Water collected between towers

Solution 1:

Once the water's done falling, each position will fill to a level equal to the smaller of the highest tower to the left and the highest tower to the right.

Find, by a rightward scan, the highest tower to the left of each position. Then find, by a leftward scan, the highest tower to the right of each position. Then take the minimum at each position and add them all up.

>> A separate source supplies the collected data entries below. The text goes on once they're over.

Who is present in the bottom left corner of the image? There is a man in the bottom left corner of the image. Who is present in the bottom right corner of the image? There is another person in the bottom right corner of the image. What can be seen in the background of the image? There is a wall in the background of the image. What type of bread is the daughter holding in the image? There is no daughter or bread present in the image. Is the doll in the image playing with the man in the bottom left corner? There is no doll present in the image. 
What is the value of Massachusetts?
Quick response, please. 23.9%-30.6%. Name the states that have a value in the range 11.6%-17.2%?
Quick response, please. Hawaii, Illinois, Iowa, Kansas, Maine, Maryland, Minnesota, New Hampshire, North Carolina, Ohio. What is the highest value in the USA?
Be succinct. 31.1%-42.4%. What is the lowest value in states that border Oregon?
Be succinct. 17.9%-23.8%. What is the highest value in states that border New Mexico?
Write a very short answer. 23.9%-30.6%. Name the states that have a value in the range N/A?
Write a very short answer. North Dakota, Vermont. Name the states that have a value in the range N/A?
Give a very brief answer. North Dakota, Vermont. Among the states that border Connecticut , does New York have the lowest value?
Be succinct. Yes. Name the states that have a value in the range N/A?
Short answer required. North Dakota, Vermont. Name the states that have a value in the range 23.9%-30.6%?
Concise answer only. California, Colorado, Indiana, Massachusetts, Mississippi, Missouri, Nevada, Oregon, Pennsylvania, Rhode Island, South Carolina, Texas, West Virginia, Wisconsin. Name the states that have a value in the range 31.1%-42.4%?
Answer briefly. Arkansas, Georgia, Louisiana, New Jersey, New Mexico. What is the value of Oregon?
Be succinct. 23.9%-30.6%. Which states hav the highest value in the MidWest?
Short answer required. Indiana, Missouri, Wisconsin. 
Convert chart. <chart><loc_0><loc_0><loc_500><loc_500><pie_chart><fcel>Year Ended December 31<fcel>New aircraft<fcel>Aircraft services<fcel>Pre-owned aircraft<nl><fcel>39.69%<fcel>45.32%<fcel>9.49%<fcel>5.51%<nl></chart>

Something like this ought to work:

int tow[N]; // nonnegative tower heights
int hl[N] = {0}, hr[N] = {0}; // highest-left and highest-right
for (int i = 0; i < n; i++) hl[i] = max(tow[i], (i!=0)?hl[i-1]:0);
for (int i = n-1; i >= 0; i--) hr[i] = max(tow[i],i<(n-1) ? hr[i+1]:0);
int ans = 0;
for (int i = 0; i < n; i++) ans += min(hl[i], hr[i]) - tow[i];

Solution 2:

Here's an efficient solution in Haskell

rainfall :: [Int] -> Int
rainfall xs = sum (zipWith (-) mins xs)
    where mins = zipWith min maxl maxr
          maxl = scanl1 max xs
          maxr = scanr1 max xs

it uses the same two-pass scan algorithm mentioned in the other answers.